Abstract

Background. Leber hereditary optic neuropathy (LHON) is a maternally inherited mitochondrial disorder that predominantly manifests as bilateral, painless vision loss in young males. While traditionally associated with the optic nerves, a subset of patients exhibits additional neurological symptoms, referred to as LHON-plus syndrome. Involvement of the spinal cord is uncommon, particularly among the pediatric population, and may result in diagnostic challenges, potentially leading to confusion regarding acquired demyelinating diseases.

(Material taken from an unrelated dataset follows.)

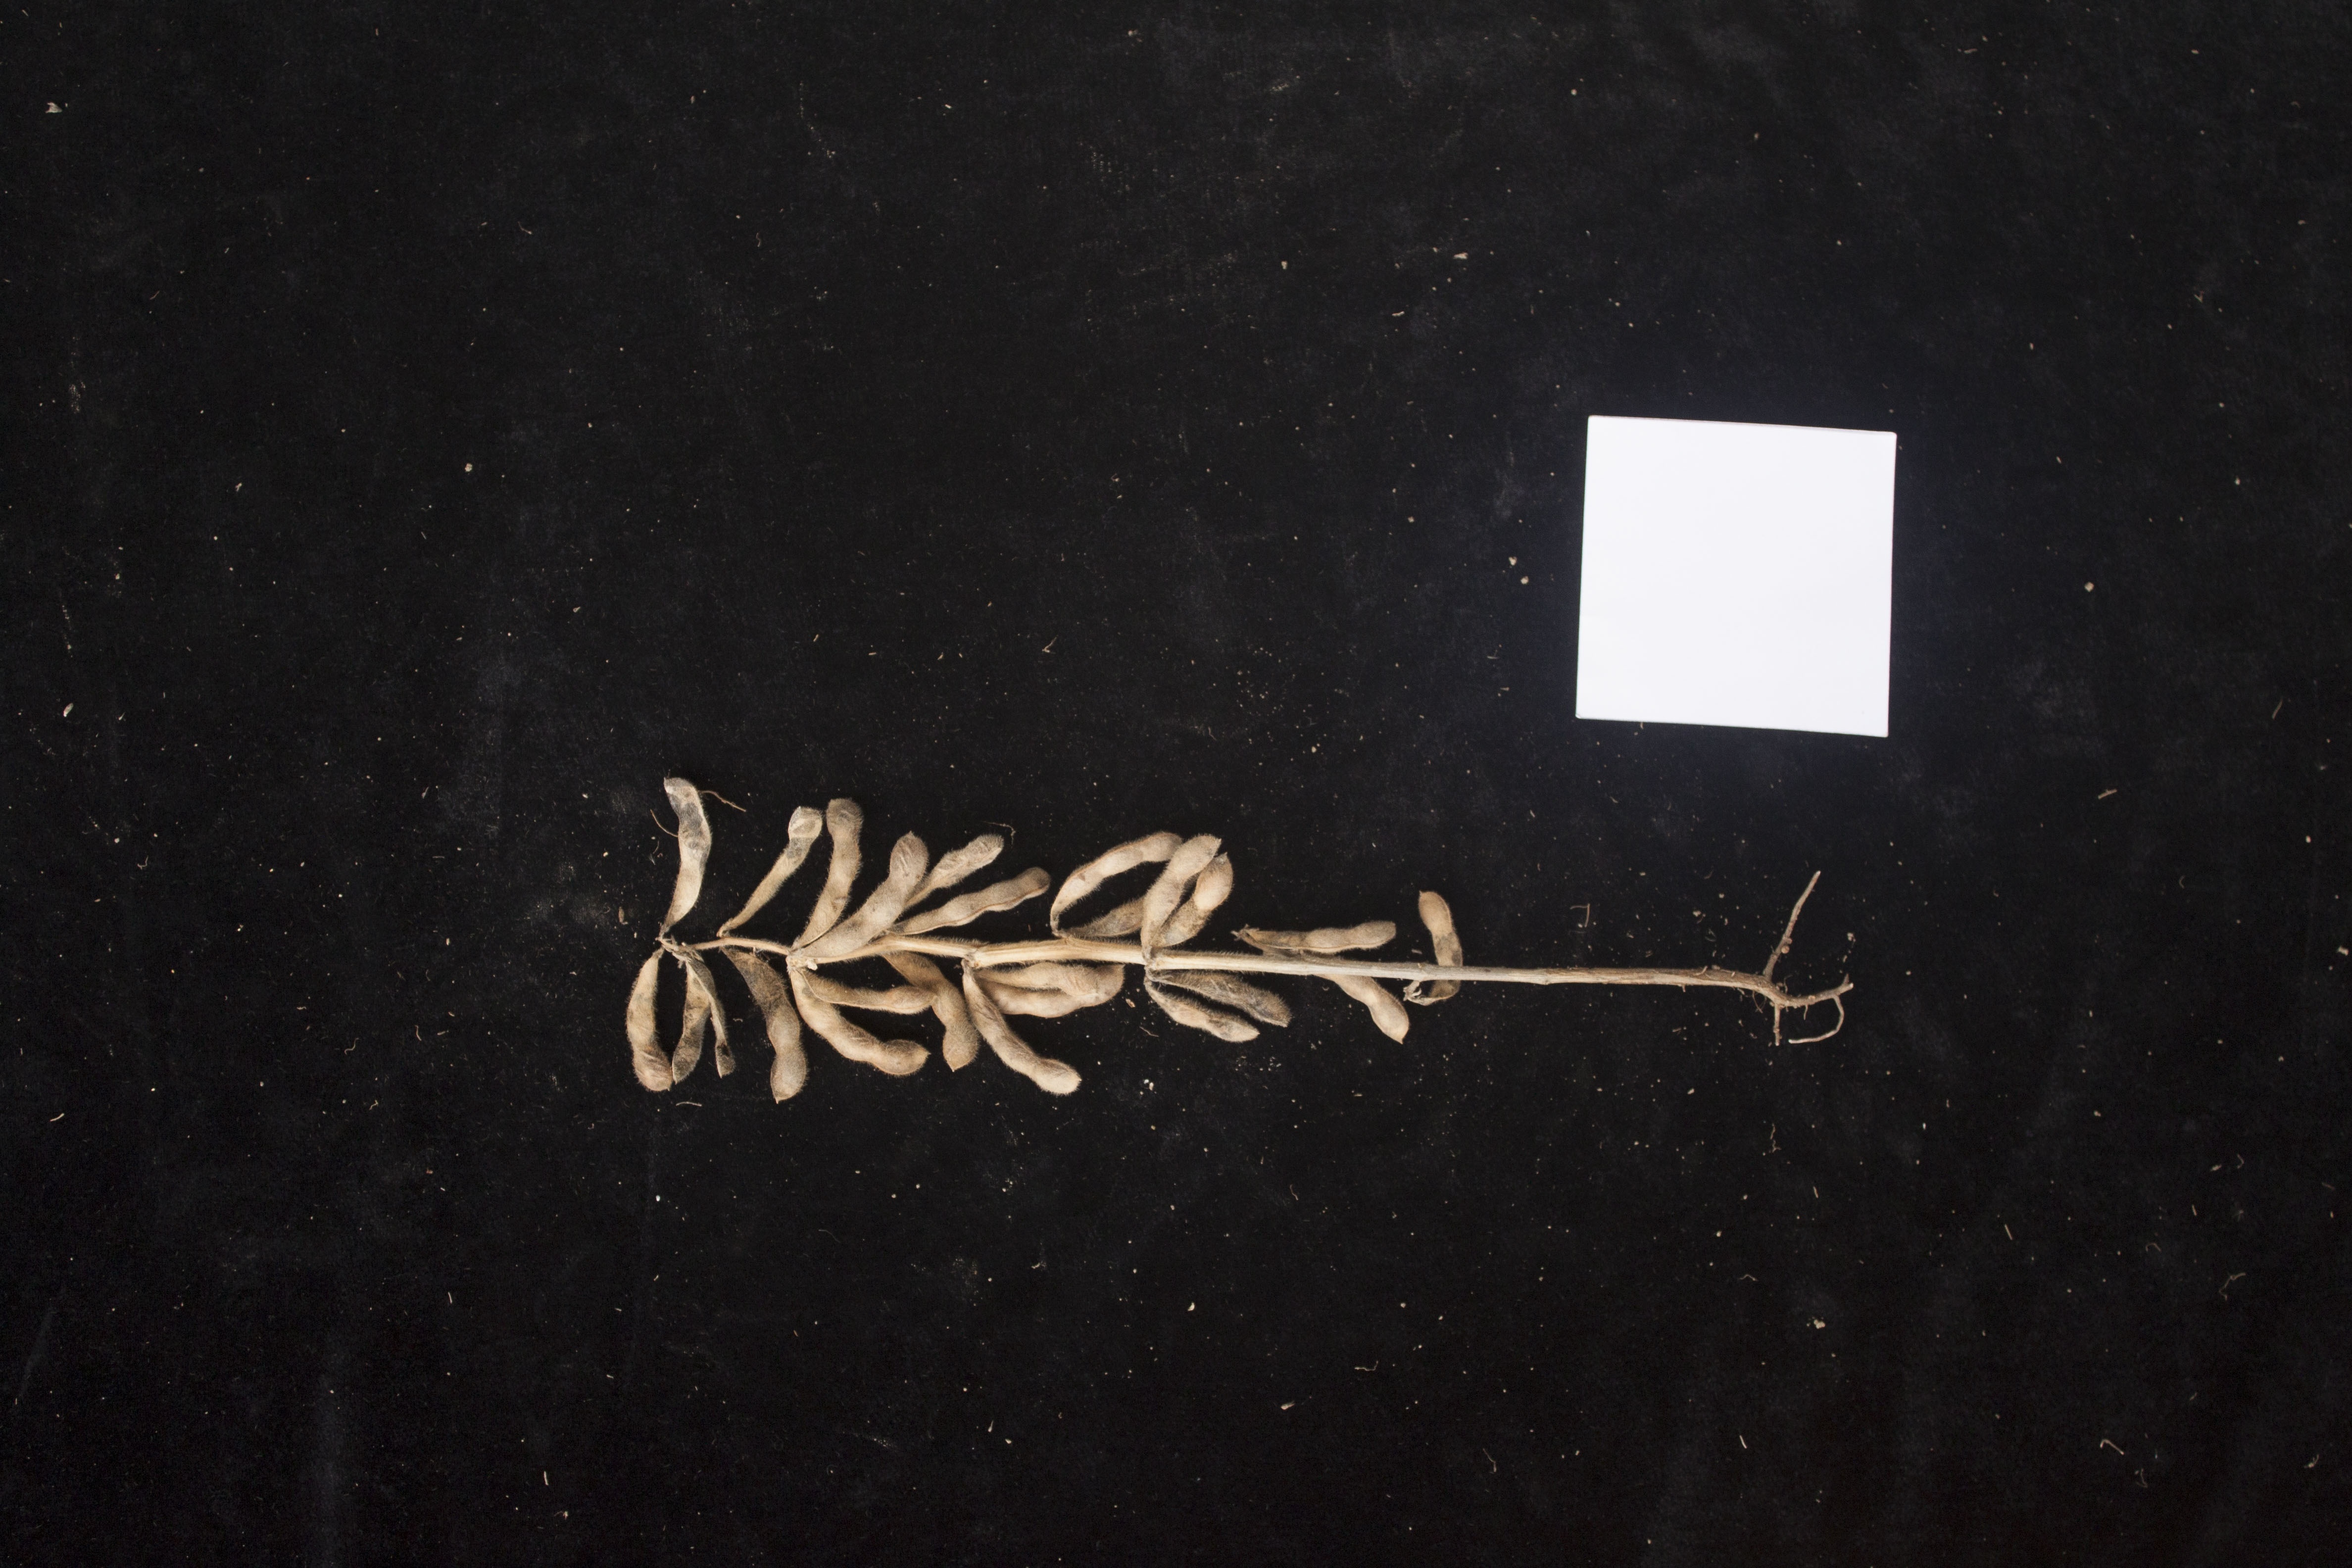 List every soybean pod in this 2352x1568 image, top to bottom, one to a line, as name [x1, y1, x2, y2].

Case Presentation. We report a 6-year-old boy with near-complete vision loss in the right eye and blurred vision in the left eye. Demyelinating diseases were suspected in the case of acute bilateral optic neuropathy. Cranial and orbital magnetic resonance imaging (MRI) showed no demyelinating lesions, whereas spinal MRI revealed a T2-hyperintense lesion at the C3–C6 levels. Due to unresponsiveness to conventional treatment for demyelinating diseases, genetic testing confirmed the homoplasmic m.11778G>A variant in NADH dehydrogenase subunit 4 (MT-ND4), establishing an LHON diagnosis. Spinal cord involvement supported the LHON-plus syndrome classification. Idebenone therapy was initiated, and follow-up was scheduled. During the 1.5-year follow-up, right eye visual loss persisted, while the left eye showed gradual vision decline. A second spinal MRI performed at 6 months showed complete resolution of the previous lesion without new lesions.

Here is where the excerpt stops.